The burden of responsibility is one ALA graduates are only too keenly aware of. “The expectation and responsibility is now at heart, maintain and utilizing the connections made here and build new connections while continuing to add worth to the collective mission of ALA,” he says.
‘My mum always told me that the moment you allow the fame to get into your head, that’s the beginning of your downfall’
Graduation, adds Leroy, was an affirmation of his journey. “Recurring thoughts this past week was of the immense amount of social capital at ALA that I walk away with and share; I’ve been breathing rare air for two years, and it’s now a responsibility for me personally to duplicate what the world should really look like.”
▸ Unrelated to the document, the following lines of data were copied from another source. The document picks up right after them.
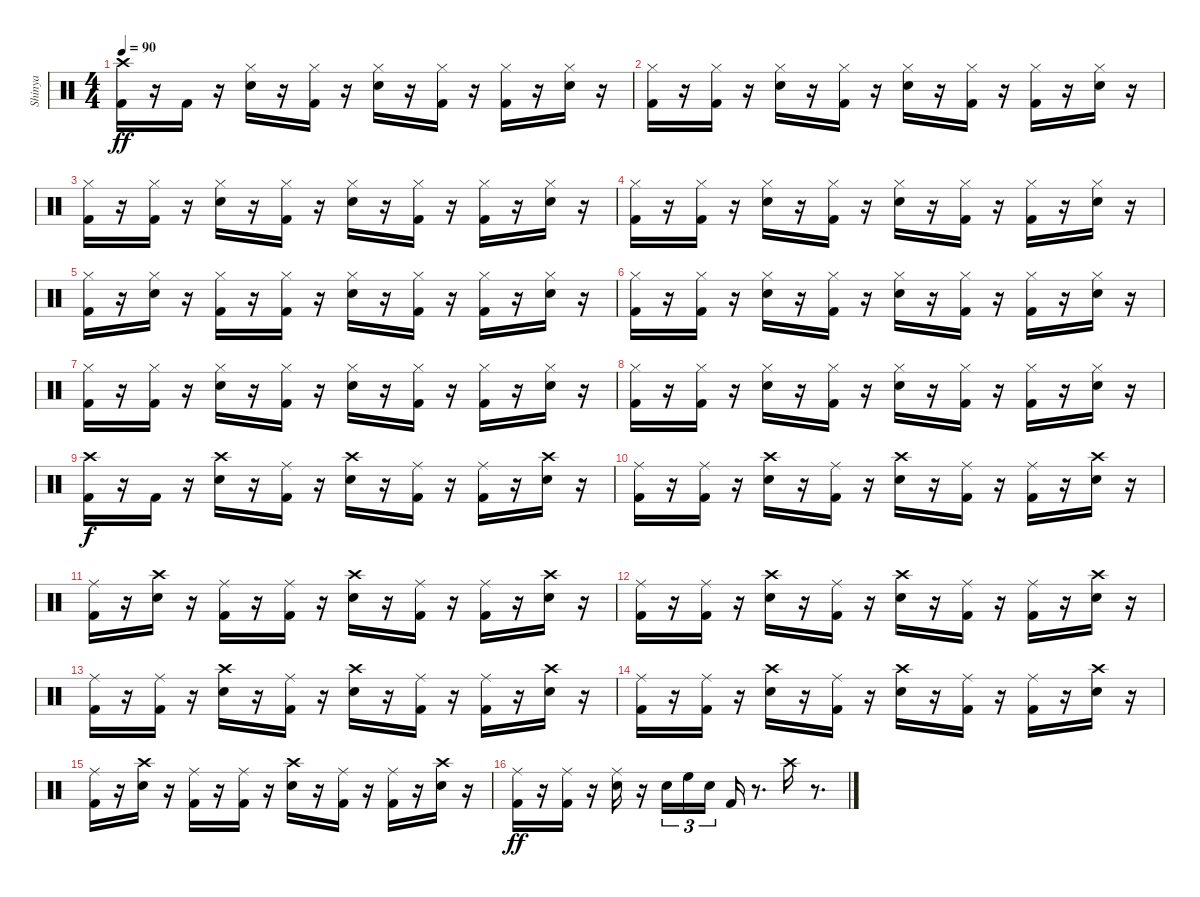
\track ("Shinya" "Shinya") {instrument percussion}
\staff {score}
\articulation defaults
\ts (4 4)
\tempo 90
\clef neutral
\ks c
("Crash high (hit)" "Kick (hit) 2").16{dy ff} r.16 "Kick (hit) 2".16 r.16 ("Snare (hit) 2" "Hi-Hat (closed)").16 r.16 ("Hi-Hat (closed)" "Kick (hit) 2").16 r.16 ("Snare (hit) 2" "Hi-Hat (closed)").16 r.16 ("Hi-Hat (closed)" "Kick (hit) 2").16 r.16 ("Hi-Hat (closed)" "Kick (hit) 2").16 r.16 ("Snare (hit) 2" "Hi-Hat (closed)").16 r.16 |
("Hi-Hat (closed)" "Kick (hit) 2").16 r.16 ("Hi-Hat (closed)" "Kick (hit) 2").16 r.16 ("Snare (hit) 2" "Hi-Hat (closed)").16 r.16 ("Hi-Hat (closed)" "Kick (hit) 2").16 r.16 ("Snare (hit) 2" "Hi-Hat (closed)").16 r.16 ("Hi-Hat (closed)" "Kick (hit) 2").16 r.16 ("Hi-Hat (closed)" "Kick (hit) 2").16 r.16 ("Snare (hit) 2" "Hi-Hat (closed)").16 r.16 |
("Hi-Hat (closed)" "Kick (hit) 2").16 r.16 ("Hi-Hat (closed)" "Kick (hit) 2").16 r.16 ("Snare (hit) 2" "Hi-Hat (closed)").16 r.16 ("Hi-Hat (closed)" "Kick (hit) 2").16 r.16 ("Snare (hit) 2" "Hi-Hat (closed)").16 r.16 ("Hi-Hat (closed)" "Kick (hit) 2").16 r.16 ("Hi-Hat (closed)" "Kick (hit) 2").16 r.16 ("Snare (hit) 2" "Hi-Hat (closed)").16 r.16 |
("Hi-Hat (closed)" "Kick (hit) 2").16 r.16 ("Hi-Hat (closed)" "Kick (hit) 2").16 r.16 ("Snare (hit) 2" "Hi-Hat (closed)").16 r.16 ("Hi-Hat (closed)" "Kick (hit) 2").16 r.16 ("Snare (hit) 2" "Hi-Hat (closed)").16 r.16 ("Hi-Hat (closed)" "Kick (hit) 2").16 r.16 ("Hi-Hat (closed)" "Kick (hit) 2").16 r.16 ("Snare (hit) 2" "Hi-Hat (closed)").16 r.16 |
("Hi-Hat (closed)" "Kick (hit) 2").16 r.16 ("Snare (hit) 2" "Hi-Hat (closed)").16 r.16 ("Hi-Hat (closed)" "Kick (hit) 2").16 r.16 ("Kick (hit) 2" "Hi-Hat (closed)").16 r.16 ("Snare (hit) 2" "Hi-Hat (closed)").16 r.16 ("Hi-Hat (closed)" "Kick (hit) 2").16 r.16 ("Hi-Hat (closed)" "Kick (hit) 2").16 r.16 ("Snare (hit) 2" "Hi-Hat (closed)").16 r.16 |
("Hi-Hat (closed)" "Kick (hit) 2").16 r.16 ("Hi-Hat (closed)" "Kick (hit) 2").16 r.16 ("Snare (hit) 2" "Hi-Hat (closed)").16 r.16 ("Hi-Hat (closed)" "Kick (hit) 2").16 r.16 ("Snare (hit) 2" "Hi-Hat (closed)").16 r.16 ("Hi-Hat (closed)" "Kick (hit) 2").16 r.16 ("Hi-Hat (closed)" "Kick (hit) 2").16 r.16 ("Snare (hit) 2" "Hi-Hat (closed)").16 r.16 |
("Hi-Hat (closed)" "Kick (hit) 2").16 r.16 ("Hi-Hat (closed)" "Kick (hit) 2").16 r.16 ("Snare (hit) 2" "Hi-Hat (closed)").16 r.16 ("Hi-Hat (closed)" "Kick (hit) 2").16 r.16 ("Snare (hit) 2" "Hi-Hat (closed)").16 r.16 ("Hi-Hat (closed)" "Kick (hit) 2").16 r.16 ("Hi-Hat (closed)" "Kick (hit) 2").16 r.16 ("Snare (hit) 2" "Hi-Hat (closed)").16 r.16 |
("Hi-Hat (closed)" "Kick (hit) 2").16 r.16 ("Hi-Hat (closed)" "Kick (hit) 2").16 r.16 ("Snare (hit) 2" "Hi-Hat (closed)").16 r.16 ("Hi-Hat (closed)" "Kick (hit) 2").16 r.16 ("Snare (hit) 2" "Hi-Hat (closed)").16 r.16 ("Hi-Hat (closed)" "Kick (hit) 2").16 r.16 ("Hi-Hat (closed)" "Kick (hit) 2").16 r.16 ("Snare (hit) 2" "Hi-Hat (closed)").16 r.16 |
("Crash high (hit)" "Kick (hit) 2").16{dy f} r.16 "Kick (hit) 2".16 r.16 ("Snare (hit) 2" "Crash high (hit)").16 r.16 ("Ride (middle)" "Kick (hit) 2").16 r.16 ("Snare (hit) 2" "Crash high (hit)").16 r.16 ("Ride (middle)" "Kick (hit) 2").16 r.16 ("Ride (middle)" "Kick (hit) 2").16 r.16 ("Snare (hit) 2" "Crash high (hit)").16 r.16 |
("Ride (middle)" "Kick (hit) 2").16 r.16 ("Ride (middle)" "Kick (hit) 2").16 r.16 ("Snare (hit) 2" "Crash high (hit)").16 r.16 ("Ride (middle)" "Kick (hit) 2").16 r.16 ("Snare (hit) 2" "Crash high (hit)").16 r.16 ("Ride (middle)" "Kick (hit) 2").16 r.16 ("Ride (middle)" "Kick (hit) 2").16 r.16 ("Snare (hit) 2" "Crash high (hit)").16 r.16 |
("Ride (middle)" "Kick (hit) 2").16 r.16 ("Snare (hit) 2" "Crash high (hit)").16 r.16 ("Ride (middle)" "Kick (hit) 2").16 r.16 ("Ride (middle)" "Kick (hit) 2").16 r.16 ("Snare (hit) 2" "Crash high (hit)").16 r.16 ("Ride (middle)" "Kick (hit) 2").16 r.16 ("Ride (middle)" "Kick (hit) 2").16 r.16 ("Snare (hit) 2" "Crash high (hit)").16 r.16 |
("Ride (middle)" "Kick (hit) 2").16 r.16 ("Ride (middle)" "Kick (hit) 2").16 r.16 ("Snare (hit) 2" "Crash high (hit)").16 r.16 ("Ride (middle)" "Kick (hit) 2").16 r.16 ("Snare (hit) 2" "Crash high (hit)").16 r.16 ("Ride (middle)" "Kick (hit) 2").16 r.16 ("Ride (middle)" "Kick (hit) 2").16 r.16 ("Snare (hit) 2" "Crash high (hit)").16 r.16 |
("Ride (middle)" "Kick (hit) 2").16 r.16 ("Ride (middle)" "Kick (hit) 2").16 r.16 ("Snare (hit) 2" "Crash high (hit)").16 r.16 ("Ride (middle)" "Kick (hit) 2").16 r.16 ("Snare (hit) 2" "Crash high (hit)").16 r.16 ("Ride (middle)" "Kick (hit) 2").16 r.16 ("Ride (middle)" "Kick (hit) 2").16 r.16 ("Snare (hit) 2" "Crash high (hit)").16 r.16 |
("Ride (middle)" "Kick (hit) 2").16 r.16 ("Ride (middle)" "Kick (hit) 2").16 r.16 ("Snare (hit) 2" "Crash high (hit)").16 r.16 ("Ride (middle)" "Kick (hit) 2").16 r.16 ("Snare (hit) 2" "Crash high (hit)").16 r.16 ("Ride (middle)" "Kick (hit) 2").16 r.16 ("Ride (middle)" "Kick (hit) 2").16 r.16 ("Snare (hit) 2" "Crash high (hit)").16 r.16 |
("Ride (middle)" "Kick (hit) 2").16 r.16 ("Snare (hit) 2" "Crash high (hit)").16 r.16 ("Ride (middle)" "Kick (hit) 2").16 r.16 ("Ride (middle)" "Kick (hit) 2").16 r.16 ("Snare (hit) 2" "Crash high (hit)").16 r.16 ("Ride (middle)" "Kick (hit) 2").16 r.16 ("Ride (middle)" "Kick (hit) 2").16 r.16 ("Snare (hit) 2" "Crash high (hit)").16 r.16 |
("Ride (middle)" "Kick (hit) 2").16{dy ff} r.16 ("Ride (middle)" "Kick (hit) 2").16 r.16 ("Snare (hit) 2" "Ride (middle)").16 r.16 "Snare (hit) 2".16{tu (3 2)} "High Floor Tom (hit)".16{tu (3 2)} "Snare (hit) 2".16{tu (3 2)} "Kick (hit) 2".16 r.8{d} "Crash high (hit)".16 r.8{d}
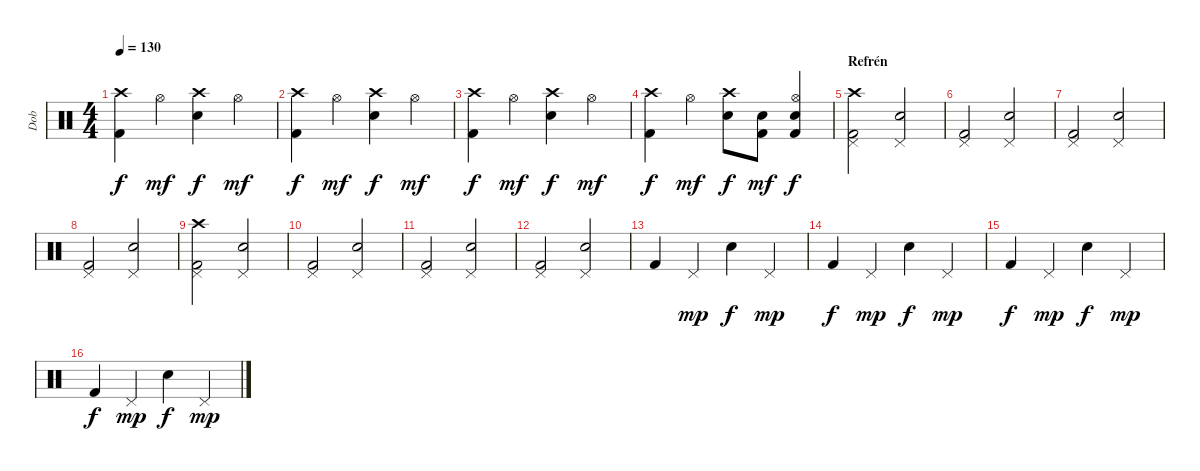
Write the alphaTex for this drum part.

\track ("Dob" "Dob") {instrument percussion}
\staff {score}
\articulation defaults
\ts (4 4)
\tempo 130
\clef neutral
\ks c
("Crash high (hit)" "Kick (hit) 2").4{dy f} "Hi-Hat (open)".4{dy mf} ("Crash high (hit)" "Snare (hit) 2").4{dy f} "Hi-Hat (open)".4{dy mf} |
("Crash high (hit)" "Kick (hit) 2").4{dy f} "Hi-Hat (open)".4{dy mf} ("Crash high (hit)" "Snare (hit) 2").4{dy f} "Hi-Hat (open)".4{dy mf} |
("Crash high (hit)" "Kick (hit) 2").4{dy f} "Hi-Hat (open)".4{dy mf} ("Crash high (hit)" "Snare (hit) 2").4{dy f} "Hi-Hat (open)".4{dy mf} |
("Crash high (hit)" "Kick (hit) 2").4{dy f} "Hi-Hat (open)".4{dy mf} ("Crash high (hit)" "Snare (hit) 2").8{dy f} ("Snare (hit) 2" "Kick (hit) 2").8{dy mf} ("Hi-Hat (open)" "Snare (hit) 2" "Kick (hit) 2").4{dy f} |
\section ("" "Refrén")
("Crash high (hit)" "Pedal Hi-Hat (hit)" "Kick (hit) 2").2 ("Pedal Hi-Hat (hit)" "Snare (hit) 2").2 |
("Pedal Hi-Hat (hit)" "Kick (hit) 2").2 ("Pedal Hi-Hat (hit)" "Snare (hit) 2").2 |
("Pedal Hi-Hat (hit)" "Kick (hit) 2").2 ("Pedal Hi-Hat (hit)" "Snare (hit) 2").2 |
("Pedal Hi-Hat (hit)" "Kick (hit) 2").2 ("Pedal Hi-Hat (hit)" "Snare (hit) 2").2 |
("Crash high (hit)" "Pedal Hi-Hat (hit)" "Kick (hit) 2").2 ("Pedal Hi-Hat (hit)" "Snare (hit) 2").2 |
("Pedal Hi-Hat (hit)" "Kick (hit) 2").2 ("Pedal Hi-Hat (hit)" "Snare (hit) 2").2 |
("Pedal Hi-Hat (hit)" "Kick (hit) 2").2 ("Pedal Hi-Hat (hit)" "Snare (hit) 2").2 |
("Pedal Hi-Hat (hit)" "Kick (hit) 2").2 ("Pedal Hi-Hat (hit)" "Snare (hit) 2").2 |
"Kick (hit) 2".4 "Pedal Hi-Hat (hit)".4{dy mp} "Snare (hit) 2".4{dy f} "Pedal Hi-Hat (hit)".4{dy mp} |
"Kick (hit) 2".4{dy f} "Pedal Hi-Hat (hit)".4{dy mp} "Snare (hit) 2".4{dy f} "Pedal Hi-Hat (hit)".4{dy mp} |
"Kick (hit) 2".4{dy f} "Pedal Hi-Hat (hit)".4{dy mp} "Snare (hit) 2".4{dy f} "Pedal Hi-Hat (hit)".4{dy mp} |
"Kick (hit) 2".4{dy f} "Pedal Hi-Hat (hit)".4{dy mp} "Snare (hit) 2".4{dy f} "Pedal Hi-Hat (hit)".4{dy mp}

This does not mean that he is too too keen on starting any initiatives for now. “It’s addictive but I will refrain so I can optimise operations on the ground to a level I’m satisfied with,” he says. He’ll be taking a year off to stabilise and enhance his businesses, then resume studies next year, majoring in Econometrics and Behavioural Science.
For now, he’s excited to be heading back home, spending time with family, and pandering to his weakness: watching sunsets. Oh, and of course, giving back: “I’m definitely going to spend a portion of my time volunteering – education is a cause close to my heart, and I want to serve the less priviledged, minority groups eucation on differnet social issues still affecting Kenyan communities.”